- Developer(s): Tantalus Media Eidos Shanghai
- Publisher(s): Eidos Interactive (PAL) Square Enix (North America)
- Platform(s): Nintendo DS, Wii, Microsoft Windows
- Release: PAL: November 20, 2009; NA: February 23, 2010 (DS, Wii);
- Genre(s): Simulation
- Mode(s): Single-player

= Pony Friends 2 =

2010 video game

Pony Friends 2 is a simulation game developed by Tantalus Media and published by Eidos Interactive for Nintendo DS, Wii, and Windows PC.

==Gameplay==
Ponies can be customized by players for all aspects of their appearance, trade horses with other players, and can train their horse for competition against other players in races and "pony trick championships" if they have a Nintendo DS or Nintendo Wii through "single cart play", which allows players with only one game cartridge to play multiplayer with friends. Twelve breeds of horse are available, and each different horse created has its own personality. The Nintendo DS version allows players to use the built in microphone to talk to their horse and have it respond to their voice. Accessories can also be chosen for the horse, and custom ones can also be created. Part of the simulation is also feeding and grooming the horse. Players can also take the horse through various landscapes and trails, take screenshots of wildlife along the way, and unlock various hidden game content.

==Development==
The original Pony Friends was published by Eidos Interactive, but after its acquisition by Square Enix, the title was published under the new owners name.

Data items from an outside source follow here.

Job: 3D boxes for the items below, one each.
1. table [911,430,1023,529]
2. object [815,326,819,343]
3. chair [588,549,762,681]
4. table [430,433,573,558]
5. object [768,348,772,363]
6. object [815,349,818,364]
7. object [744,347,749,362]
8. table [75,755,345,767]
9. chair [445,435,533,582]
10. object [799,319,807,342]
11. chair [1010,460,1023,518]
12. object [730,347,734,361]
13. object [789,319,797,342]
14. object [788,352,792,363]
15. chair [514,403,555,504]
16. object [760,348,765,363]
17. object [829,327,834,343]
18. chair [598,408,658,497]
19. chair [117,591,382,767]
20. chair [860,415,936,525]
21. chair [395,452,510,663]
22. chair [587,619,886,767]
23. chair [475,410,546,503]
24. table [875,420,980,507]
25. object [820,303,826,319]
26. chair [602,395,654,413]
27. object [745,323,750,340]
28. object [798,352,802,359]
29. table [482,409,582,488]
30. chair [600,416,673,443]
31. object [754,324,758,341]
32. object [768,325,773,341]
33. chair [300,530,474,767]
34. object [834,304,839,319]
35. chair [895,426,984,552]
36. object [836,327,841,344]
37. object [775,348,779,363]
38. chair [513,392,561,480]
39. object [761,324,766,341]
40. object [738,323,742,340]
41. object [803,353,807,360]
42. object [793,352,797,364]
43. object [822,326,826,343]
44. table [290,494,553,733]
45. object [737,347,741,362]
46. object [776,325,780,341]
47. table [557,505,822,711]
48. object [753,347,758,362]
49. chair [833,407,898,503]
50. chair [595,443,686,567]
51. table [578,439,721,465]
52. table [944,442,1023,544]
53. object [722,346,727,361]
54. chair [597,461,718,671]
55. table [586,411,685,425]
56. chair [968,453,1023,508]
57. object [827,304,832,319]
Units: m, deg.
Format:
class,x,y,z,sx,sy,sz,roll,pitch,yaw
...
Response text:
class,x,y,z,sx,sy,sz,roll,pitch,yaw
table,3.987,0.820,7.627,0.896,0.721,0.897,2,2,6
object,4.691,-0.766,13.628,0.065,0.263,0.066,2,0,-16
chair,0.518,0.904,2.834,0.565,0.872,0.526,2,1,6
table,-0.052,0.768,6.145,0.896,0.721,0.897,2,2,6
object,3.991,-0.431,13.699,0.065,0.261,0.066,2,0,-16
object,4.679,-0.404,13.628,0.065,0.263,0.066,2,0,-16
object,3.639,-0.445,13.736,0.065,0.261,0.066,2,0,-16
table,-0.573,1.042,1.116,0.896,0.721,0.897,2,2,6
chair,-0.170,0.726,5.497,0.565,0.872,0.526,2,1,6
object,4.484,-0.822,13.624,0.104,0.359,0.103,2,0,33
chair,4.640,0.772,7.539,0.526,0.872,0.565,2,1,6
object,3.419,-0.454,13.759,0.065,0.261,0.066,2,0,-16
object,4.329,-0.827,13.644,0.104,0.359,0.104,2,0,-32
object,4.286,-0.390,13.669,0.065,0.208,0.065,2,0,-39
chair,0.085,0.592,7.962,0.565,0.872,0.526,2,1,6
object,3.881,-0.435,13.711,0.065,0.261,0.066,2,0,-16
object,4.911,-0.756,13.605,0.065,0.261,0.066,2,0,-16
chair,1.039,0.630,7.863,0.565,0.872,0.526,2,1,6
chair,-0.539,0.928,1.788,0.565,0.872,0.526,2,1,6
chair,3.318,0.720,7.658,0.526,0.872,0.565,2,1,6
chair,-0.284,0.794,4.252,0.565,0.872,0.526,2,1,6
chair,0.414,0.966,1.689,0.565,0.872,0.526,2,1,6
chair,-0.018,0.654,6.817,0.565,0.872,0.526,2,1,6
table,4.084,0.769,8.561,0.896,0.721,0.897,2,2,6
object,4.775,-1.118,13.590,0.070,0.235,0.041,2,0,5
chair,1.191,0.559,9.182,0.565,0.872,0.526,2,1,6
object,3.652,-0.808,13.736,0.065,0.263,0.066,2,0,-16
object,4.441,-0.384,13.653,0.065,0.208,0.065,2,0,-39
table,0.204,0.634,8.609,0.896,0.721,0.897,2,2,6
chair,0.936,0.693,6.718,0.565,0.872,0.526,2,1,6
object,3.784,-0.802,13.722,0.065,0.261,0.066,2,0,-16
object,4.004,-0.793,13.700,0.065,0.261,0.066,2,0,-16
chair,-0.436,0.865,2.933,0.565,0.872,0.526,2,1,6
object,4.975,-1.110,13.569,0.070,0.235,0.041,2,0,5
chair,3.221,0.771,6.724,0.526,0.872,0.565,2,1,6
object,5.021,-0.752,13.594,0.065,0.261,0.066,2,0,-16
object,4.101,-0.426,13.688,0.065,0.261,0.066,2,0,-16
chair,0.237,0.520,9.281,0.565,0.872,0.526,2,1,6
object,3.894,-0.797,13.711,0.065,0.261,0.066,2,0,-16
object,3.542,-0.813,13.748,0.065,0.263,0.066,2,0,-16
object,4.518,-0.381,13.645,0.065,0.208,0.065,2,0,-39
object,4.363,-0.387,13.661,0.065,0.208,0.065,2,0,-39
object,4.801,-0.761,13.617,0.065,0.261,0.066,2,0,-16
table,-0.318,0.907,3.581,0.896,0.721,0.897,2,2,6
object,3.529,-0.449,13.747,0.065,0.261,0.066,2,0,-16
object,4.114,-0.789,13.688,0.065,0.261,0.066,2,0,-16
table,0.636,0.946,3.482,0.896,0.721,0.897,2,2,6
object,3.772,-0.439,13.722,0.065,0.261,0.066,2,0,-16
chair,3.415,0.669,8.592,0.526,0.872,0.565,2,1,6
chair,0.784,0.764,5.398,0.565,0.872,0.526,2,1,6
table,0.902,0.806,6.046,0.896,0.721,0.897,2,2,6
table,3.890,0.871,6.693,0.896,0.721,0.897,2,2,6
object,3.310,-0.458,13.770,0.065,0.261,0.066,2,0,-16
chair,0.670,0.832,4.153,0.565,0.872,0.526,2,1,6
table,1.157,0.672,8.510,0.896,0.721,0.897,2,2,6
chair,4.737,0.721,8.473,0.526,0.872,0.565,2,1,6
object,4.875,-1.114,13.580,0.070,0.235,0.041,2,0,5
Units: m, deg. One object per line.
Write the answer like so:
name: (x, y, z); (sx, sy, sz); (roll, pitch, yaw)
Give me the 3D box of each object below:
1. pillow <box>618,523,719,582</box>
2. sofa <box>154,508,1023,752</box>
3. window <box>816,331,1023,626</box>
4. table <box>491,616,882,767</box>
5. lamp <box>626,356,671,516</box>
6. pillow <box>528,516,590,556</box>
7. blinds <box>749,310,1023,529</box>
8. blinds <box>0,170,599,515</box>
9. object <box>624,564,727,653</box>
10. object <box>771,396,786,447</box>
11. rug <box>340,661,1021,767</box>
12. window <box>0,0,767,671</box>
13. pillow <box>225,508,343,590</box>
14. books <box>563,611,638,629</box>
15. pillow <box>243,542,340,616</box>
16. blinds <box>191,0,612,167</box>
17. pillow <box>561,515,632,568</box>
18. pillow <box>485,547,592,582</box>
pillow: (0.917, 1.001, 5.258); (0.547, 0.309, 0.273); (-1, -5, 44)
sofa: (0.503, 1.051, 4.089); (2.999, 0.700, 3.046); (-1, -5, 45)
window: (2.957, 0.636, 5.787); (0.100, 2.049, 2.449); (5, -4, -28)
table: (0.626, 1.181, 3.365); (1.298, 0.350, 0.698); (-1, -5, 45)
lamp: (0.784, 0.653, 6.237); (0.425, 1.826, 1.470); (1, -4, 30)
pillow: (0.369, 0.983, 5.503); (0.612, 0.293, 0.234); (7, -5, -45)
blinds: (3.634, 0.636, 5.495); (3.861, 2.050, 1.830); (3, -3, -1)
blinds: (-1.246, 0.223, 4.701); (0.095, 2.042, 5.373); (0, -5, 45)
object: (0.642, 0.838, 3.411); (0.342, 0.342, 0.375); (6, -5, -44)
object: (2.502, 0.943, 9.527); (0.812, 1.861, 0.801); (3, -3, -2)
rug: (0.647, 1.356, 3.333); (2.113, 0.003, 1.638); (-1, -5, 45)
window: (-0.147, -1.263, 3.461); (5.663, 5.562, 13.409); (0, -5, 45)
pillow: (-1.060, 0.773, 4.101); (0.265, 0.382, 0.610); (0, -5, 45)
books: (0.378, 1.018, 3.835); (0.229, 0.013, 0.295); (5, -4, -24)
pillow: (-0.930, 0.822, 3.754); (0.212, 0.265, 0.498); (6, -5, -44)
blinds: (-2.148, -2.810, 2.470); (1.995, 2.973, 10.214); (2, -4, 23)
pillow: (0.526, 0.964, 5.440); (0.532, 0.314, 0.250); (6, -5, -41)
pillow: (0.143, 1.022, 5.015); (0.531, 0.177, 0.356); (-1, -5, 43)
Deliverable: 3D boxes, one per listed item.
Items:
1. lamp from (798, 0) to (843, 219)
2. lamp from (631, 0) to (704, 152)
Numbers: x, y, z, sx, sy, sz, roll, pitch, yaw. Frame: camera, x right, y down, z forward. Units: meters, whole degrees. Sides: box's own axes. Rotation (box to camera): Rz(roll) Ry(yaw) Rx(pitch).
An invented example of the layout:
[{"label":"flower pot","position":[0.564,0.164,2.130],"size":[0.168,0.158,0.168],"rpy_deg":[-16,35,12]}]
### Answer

The game was first announced at Gamecom 2009 in a joint Eidos-Square Enix conference. Horse riding has been improved to become more intuitive compared to the original title. Mat Bettinson, Business Development Manager for Tantalus Media, commented on an article at gamindustry.biz related to game marketing versus reviews and their influence on game sales; he stated that publisher Eidos commissioned an ad for Pony Friends 2 and was of a very high quality, despite assertions in the article that "outsiders" to the gaming industry rarely made good advertisements.

==Reception==
Digital Spy compared the game unfavorably to other titles due for Christmas 2009, saying it was a very niche game geared only toward "six year old pony fanatics", and that others would find it boring.